> [INPUT]
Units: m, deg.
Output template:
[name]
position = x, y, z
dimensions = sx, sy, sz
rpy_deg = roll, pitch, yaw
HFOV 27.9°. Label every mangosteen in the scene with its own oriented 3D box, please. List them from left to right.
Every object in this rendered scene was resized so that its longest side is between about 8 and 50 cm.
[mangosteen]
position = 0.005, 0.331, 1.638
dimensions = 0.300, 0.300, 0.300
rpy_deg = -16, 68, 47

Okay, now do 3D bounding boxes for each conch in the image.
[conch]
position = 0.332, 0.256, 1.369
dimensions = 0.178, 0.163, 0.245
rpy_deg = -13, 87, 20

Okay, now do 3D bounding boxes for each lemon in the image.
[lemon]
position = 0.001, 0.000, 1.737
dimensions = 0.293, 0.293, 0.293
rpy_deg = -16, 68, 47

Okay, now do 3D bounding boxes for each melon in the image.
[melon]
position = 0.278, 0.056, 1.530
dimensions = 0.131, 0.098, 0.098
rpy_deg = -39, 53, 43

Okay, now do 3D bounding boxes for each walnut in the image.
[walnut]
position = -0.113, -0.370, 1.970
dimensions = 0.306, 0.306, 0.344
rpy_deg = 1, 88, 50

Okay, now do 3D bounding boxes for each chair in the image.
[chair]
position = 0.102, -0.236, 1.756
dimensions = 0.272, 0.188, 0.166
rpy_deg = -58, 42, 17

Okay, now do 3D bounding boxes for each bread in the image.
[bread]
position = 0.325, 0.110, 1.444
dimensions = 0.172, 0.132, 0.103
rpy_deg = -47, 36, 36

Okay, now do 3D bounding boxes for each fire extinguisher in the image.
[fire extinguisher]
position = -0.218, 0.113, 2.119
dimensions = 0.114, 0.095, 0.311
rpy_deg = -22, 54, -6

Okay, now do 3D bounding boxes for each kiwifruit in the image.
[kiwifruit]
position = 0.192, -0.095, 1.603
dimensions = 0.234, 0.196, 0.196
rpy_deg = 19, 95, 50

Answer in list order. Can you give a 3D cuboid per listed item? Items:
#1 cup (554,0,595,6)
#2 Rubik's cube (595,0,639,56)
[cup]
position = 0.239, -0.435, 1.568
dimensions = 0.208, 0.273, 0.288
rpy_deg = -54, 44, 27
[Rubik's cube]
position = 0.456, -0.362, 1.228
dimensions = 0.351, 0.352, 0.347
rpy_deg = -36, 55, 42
==
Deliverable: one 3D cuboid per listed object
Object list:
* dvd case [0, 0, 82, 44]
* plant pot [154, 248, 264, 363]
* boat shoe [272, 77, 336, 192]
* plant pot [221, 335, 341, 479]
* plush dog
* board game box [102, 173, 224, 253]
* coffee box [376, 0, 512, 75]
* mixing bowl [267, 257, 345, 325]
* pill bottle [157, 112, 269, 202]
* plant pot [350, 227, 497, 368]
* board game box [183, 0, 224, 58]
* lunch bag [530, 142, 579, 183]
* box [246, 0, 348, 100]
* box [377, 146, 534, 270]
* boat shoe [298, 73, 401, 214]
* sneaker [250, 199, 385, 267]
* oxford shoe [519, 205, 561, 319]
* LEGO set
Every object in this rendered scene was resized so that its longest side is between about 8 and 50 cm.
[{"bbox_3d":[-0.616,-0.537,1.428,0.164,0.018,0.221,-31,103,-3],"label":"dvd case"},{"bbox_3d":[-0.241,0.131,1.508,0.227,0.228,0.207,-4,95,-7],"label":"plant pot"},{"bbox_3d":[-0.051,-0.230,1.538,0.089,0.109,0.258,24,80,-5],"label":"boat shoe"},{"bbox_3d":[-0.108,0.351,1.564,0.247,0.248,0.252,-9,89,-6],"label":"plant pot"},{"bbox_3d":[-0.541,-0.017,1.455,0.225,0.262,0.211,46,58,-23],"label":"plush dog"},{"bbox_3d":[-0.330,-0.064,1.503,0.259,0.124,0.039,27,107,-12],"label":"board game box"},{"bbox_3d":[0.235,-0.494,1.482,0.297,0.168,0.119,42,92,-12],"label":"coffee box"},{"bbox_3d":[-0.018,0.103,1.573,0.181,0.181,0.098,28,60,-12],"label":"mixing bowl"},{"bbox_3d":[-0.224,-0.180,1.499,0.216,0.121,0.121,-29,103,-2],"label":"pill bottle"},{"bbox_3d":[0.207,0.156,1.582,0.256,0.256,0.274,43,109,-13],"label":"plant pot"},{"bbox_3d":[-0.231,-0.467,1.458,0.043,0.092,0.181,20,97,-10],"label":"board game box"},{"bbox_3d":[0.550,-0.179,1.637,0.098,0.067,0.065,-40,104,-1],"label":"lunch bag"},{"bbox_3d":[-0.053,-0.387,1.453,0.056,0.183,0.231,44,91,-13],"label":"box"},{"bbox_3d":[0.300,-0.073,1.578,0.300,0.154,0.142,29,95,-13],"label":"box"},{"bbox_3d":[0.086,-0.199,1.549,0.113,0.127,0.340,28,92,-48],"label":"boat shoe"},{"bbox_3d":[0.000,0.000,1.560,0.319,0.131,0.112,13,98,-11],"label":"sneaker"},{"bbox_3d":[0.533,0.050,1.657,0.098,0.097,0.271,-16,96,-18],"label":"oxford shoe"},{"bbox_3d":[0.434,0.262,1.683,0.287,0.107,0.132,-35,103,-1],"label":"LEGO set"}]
---
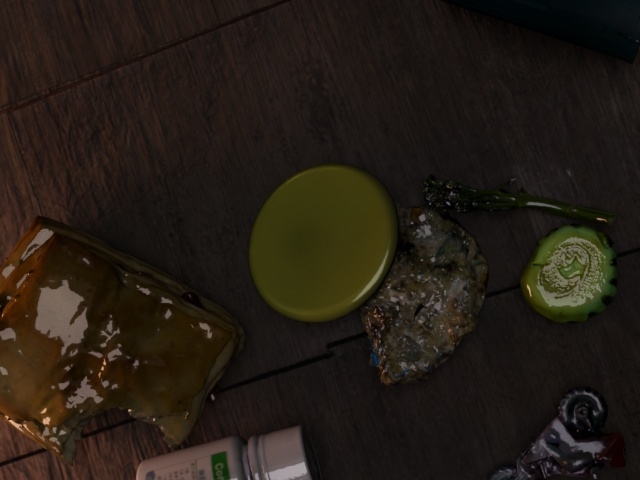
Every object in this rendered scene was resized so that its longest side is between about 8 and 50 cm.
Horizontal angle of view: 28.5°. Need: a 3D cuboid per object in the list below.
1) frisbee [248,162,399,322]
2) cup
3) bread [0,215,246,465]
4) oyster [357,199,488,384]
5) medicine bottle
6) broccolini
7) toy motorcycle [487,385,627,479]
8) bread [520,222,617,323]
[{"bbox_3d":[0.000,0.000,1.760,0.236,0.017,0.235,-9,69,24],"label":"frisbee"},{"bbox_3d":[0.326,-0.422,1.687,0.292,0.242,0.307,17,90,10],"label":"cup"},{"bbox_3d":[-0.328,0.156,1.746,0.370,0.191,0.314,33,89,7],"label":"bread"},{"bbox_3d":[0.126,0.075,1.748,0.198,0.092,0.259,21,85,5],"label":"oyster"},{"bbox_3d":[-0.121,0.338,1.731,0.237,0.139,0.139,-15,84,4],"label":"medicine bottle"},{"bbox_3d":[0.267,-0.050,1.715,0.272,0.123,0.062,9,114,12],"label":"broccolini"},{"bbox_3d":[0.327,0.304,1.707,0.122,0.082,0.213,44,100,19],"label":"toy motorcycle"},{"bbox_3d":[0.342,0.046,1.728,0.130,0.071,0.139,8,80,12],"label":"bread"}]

> [AIM OF THE TASK] Give back exactly the lines of the listing above that run from the line with "3) bread [0,215,246,465]" to the line with "7) toy motorcycle [487,385,627,479]", inclusive.

> [TASK SOLUTION]
3) bread [0,215,246,465]
4) oyster [357,199,488,384]
5) medicine bottle
6) broccolini
7) toy motorcycle [487,385,627,479]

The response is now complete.